Netanyahu's father was Polish in the way that South Asians in Idi Amin's Uganda were Ugandan i.e. a member of a deeply resented and persecuted ethnic minority.
So yes, technically he was indeed a Polish national, but the way that this antisemitic podcaster and Xcreter uses the term is rather like referring to a Mayan family living in Boston as 'Irish'.
Would these same a simple vista DNA tests determine that Obama is a native Polynesian from Hawaii?
This is all racist and stupid in equal measure, and unfortunately, unashamedly so. (Let's not even begin to wrangle with the notion of assessing people's territorial rights by relative pigmentation.)

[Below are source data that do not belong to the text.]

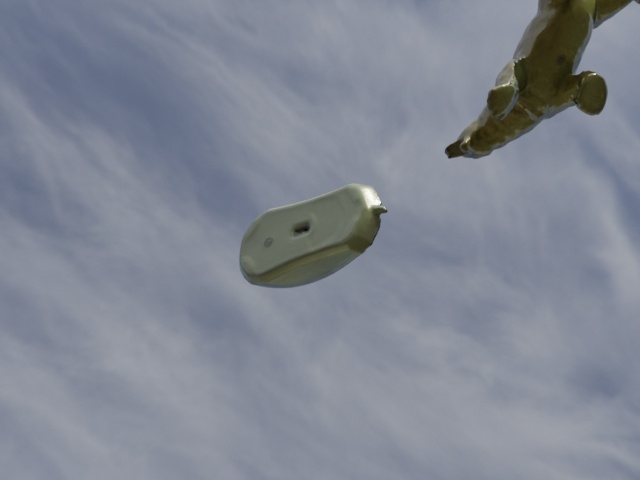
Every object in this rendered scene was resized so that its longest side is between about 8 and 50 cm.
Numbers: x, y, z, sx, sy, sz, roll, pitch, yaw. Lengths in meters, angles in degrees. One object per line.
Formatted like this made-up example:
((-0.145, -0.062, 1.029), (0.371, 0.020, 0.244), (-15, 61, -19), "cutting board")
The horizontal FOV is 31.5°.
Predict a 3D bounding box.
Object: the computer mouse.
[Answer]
((0.000, 0.000, 0.699), (0.110, 0.032, 0.056), (-18, -129, 32), "computer mouse")

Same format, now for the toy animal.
((0.193, -0.156, 0.980), (0.103, 0.101, 0.219), (28, -93, -19), "toy animal")
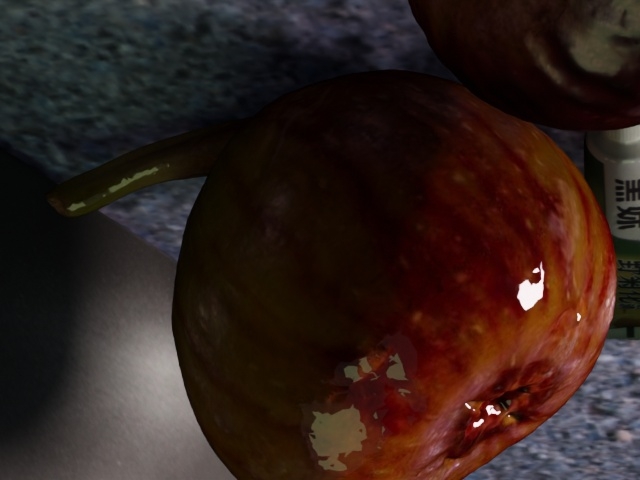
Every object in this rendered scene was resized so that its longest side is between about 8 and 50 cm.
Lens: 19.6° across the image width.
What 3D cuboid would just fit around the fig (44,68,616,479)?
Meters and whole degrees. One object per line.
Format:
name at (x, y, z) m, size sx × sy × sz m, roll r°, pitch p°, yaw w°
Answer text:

And this is the problem we now have with ideologically-driven discourse emanating from the US on a range of different topics, especially those referencing other parts of the world, for this toxic emulsion of ignorance and thin, low-grade information is steadily seeping out into the wider world and affecting the thinking of everybody who comes into contact with it.
As a boy I read and enjoyed Arthur Koestler's provocative book The Thirteenth Tribe in which the author speculated that Ashkenazis may have descended from the Khazars of the Northern Caucasus — who had mass converted to Judaism in the early medieval period — a notion since debunked by both historians and geneticists.
It remains one of those immensely stimulating yet patently wrong hypotheticals, like Julian Jaynes's bicameral mind: worth reading if you are not the sort of person who systematically believes the last thing you read.
Ironically, Koestler seems to have imagined that by throwing doubt on the semitic origins of European jews he could take the sting out of antisemitism, yet today his theory has been appropriated by numbskull antisemites and used to make out that Israelis are on some fundamental level European settler-colonisers within a territory that has — as any broader historical analysis informs us — been under brutal and restrictive Arab and Turk colonial rule for around 1500 years.
And this when not even half of Jewish-Israeli citizens today have this Ashkenazi heritage which seems to set off the fanatical and chauvinistic simpletons.
Sunday, April 13, 2025
Rabbit Hole Contours
The 'Free Palestine' fixation bears comparison with similar ideological rabbit holes.
At the same time they often insist on highlighting handpicked, sometimes brutal truths, even as their overall disposition speaks rather clearly of a tendency to dispense with information which could prove inconvenient.
Thus the Anti-Vaxers are virulently anti-science and anti-expert in much the same way that the Pro-Pals are virulently anti-western...and anti-semitic — though they are usually at pains to disguise that particular pathology by assuming exclusive responsibility for the public interpretation of this rather hoary form of bigotry.